27 April to 16 May 2010
Alan Pearson’s upcoming exhibition Con Brio represents a series of work the artist has painted in the last two years. While works in the show have their genesis in the world of existence, typically they also embody abstract concepts like the metaphysical, the psychic and the psychological.
Life in its vast complexity has long been of conceptual interest to the artist, along with the idea that we are in a symbiotic relationship with the land and our immediate surroundings and circumstances. Visual and experiential impressions impact on us but equally our impression of the land and surroundings is constantly transformed by dominant emotional states brought on by the exigencies of negotiating the world we live in. Pearson views the many facets of existence as a complex dance in which experiences, emotional states and consciousness are abstracted and are made evident in the work.

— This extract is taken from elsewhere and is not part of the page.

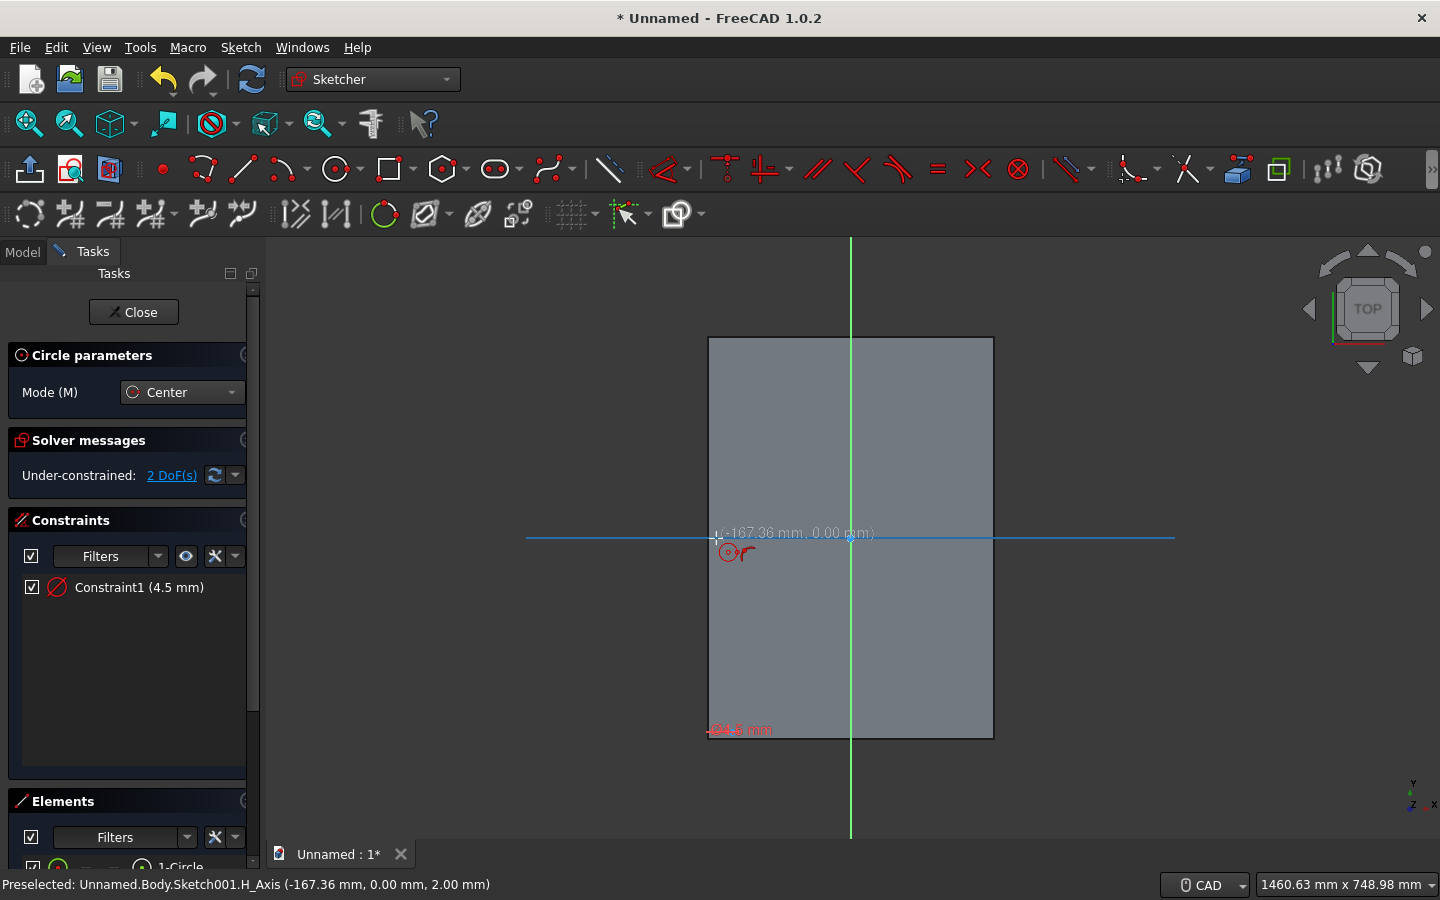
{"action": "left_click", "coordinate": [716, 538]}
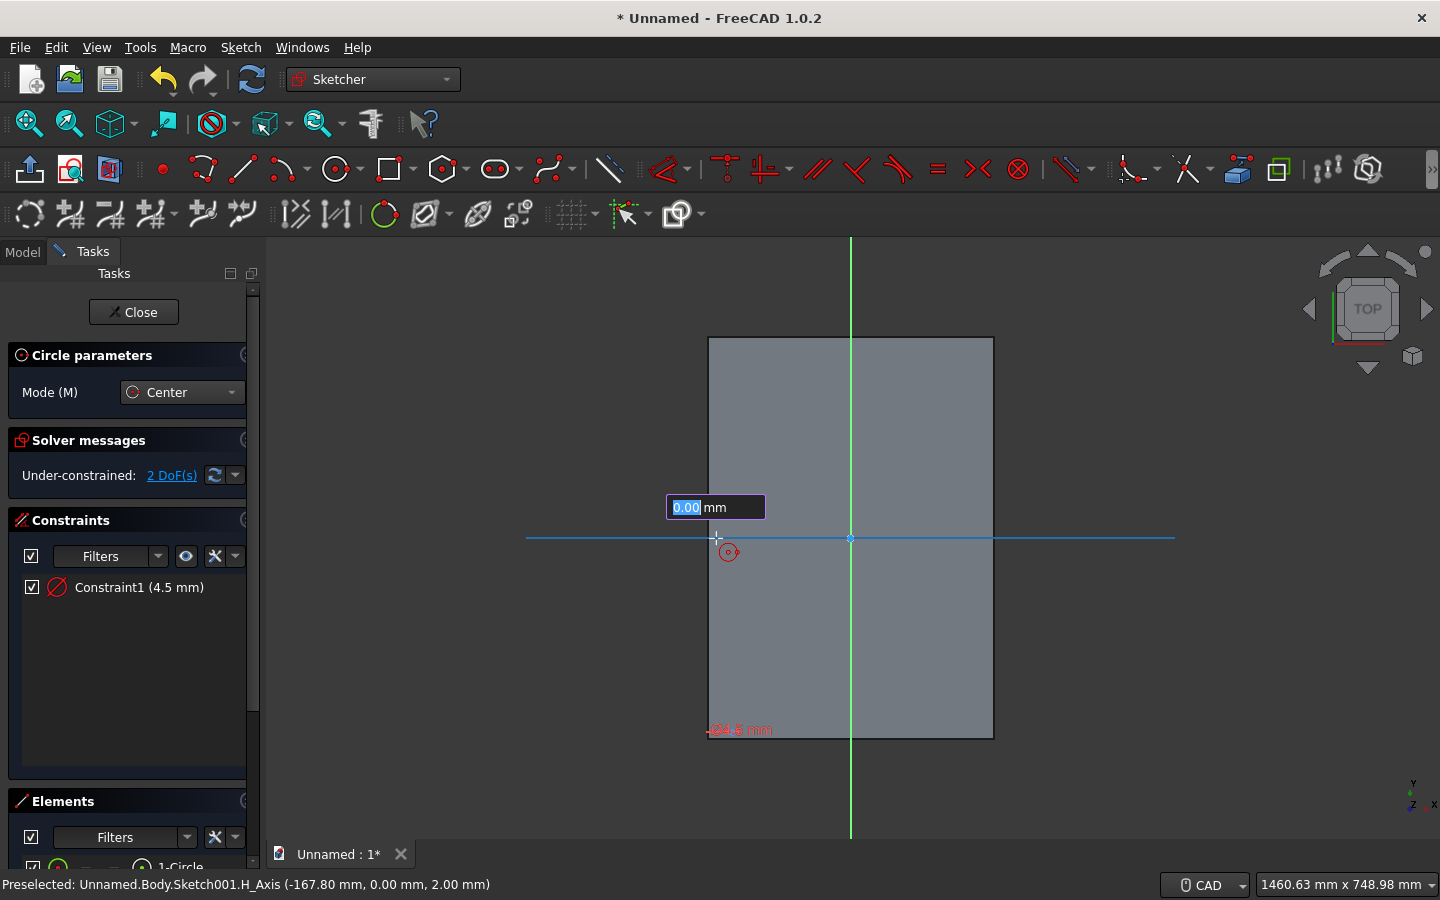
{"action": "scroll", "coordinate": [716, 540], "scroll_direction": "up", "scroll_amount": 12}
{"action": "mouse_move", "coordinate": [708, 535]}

The nature of living is about constant transformation, movement, change, dynamics and rhythms, be they cyclical, physical or psychological. Thus, while the visible world might be the starting point for Pearson, it is not merely the point and is not the end point. Life is a full scale drama and for him as an Expressionist painter, it is as much about the interplay between visible and known forms, such as man and landscape, and abstract concepts. In the process Pearson aims to show the interplay between the physical and the spiritual.
What interests the artist is physic drama. Pearson’s work describes this state as a dance between the spirit, its relationship to the physical world it responds to and the body it is encased in. Pearson’s work is often populated with sprite or ghost-like beings, simulacrum, that seem to flit in and out of depth and space.
There are strong parallels between Pearson’s work and music. Indeed, speaking to the artist himself is not unlike observing a complex musical score unfolding, it is thus easy to see the man himself sprite-like, frolicking and cavorting across his surfaces bringing the full gamut of life’s experiences; beauty and ugliness; hope and despair; past and present; the known and the unknown.
The painted surface can be read as a literal evocation of music, dance and rhythm in the way paint is applied in bold over-lapping strokes, sometimes grid-like and sometimes free and expressive but always with an underlying sense of tempo. Pearson creates symphonies of sound, movement and energy. Similarly, colour assumes both a physical and metaphysical role; thrown around, lingering in deep rich solid swathes or wafting transient-like into space. Like music Pearson’s forms retain shape for an instant, but are under a state of perpetual transformation. In this way the expressionist painter leaves and conjures traces of meaning, in a sequence of bravuristic colours, moves and impressions.
The poet in the painter is seen in Pearson’s great ability to compact ideas and concepts – this means that having painted from life for over forty years, he is equally adept at conveying the immaterial and insubstantial – these works are mana from heaven – a rich repository of food for the mind and the soul.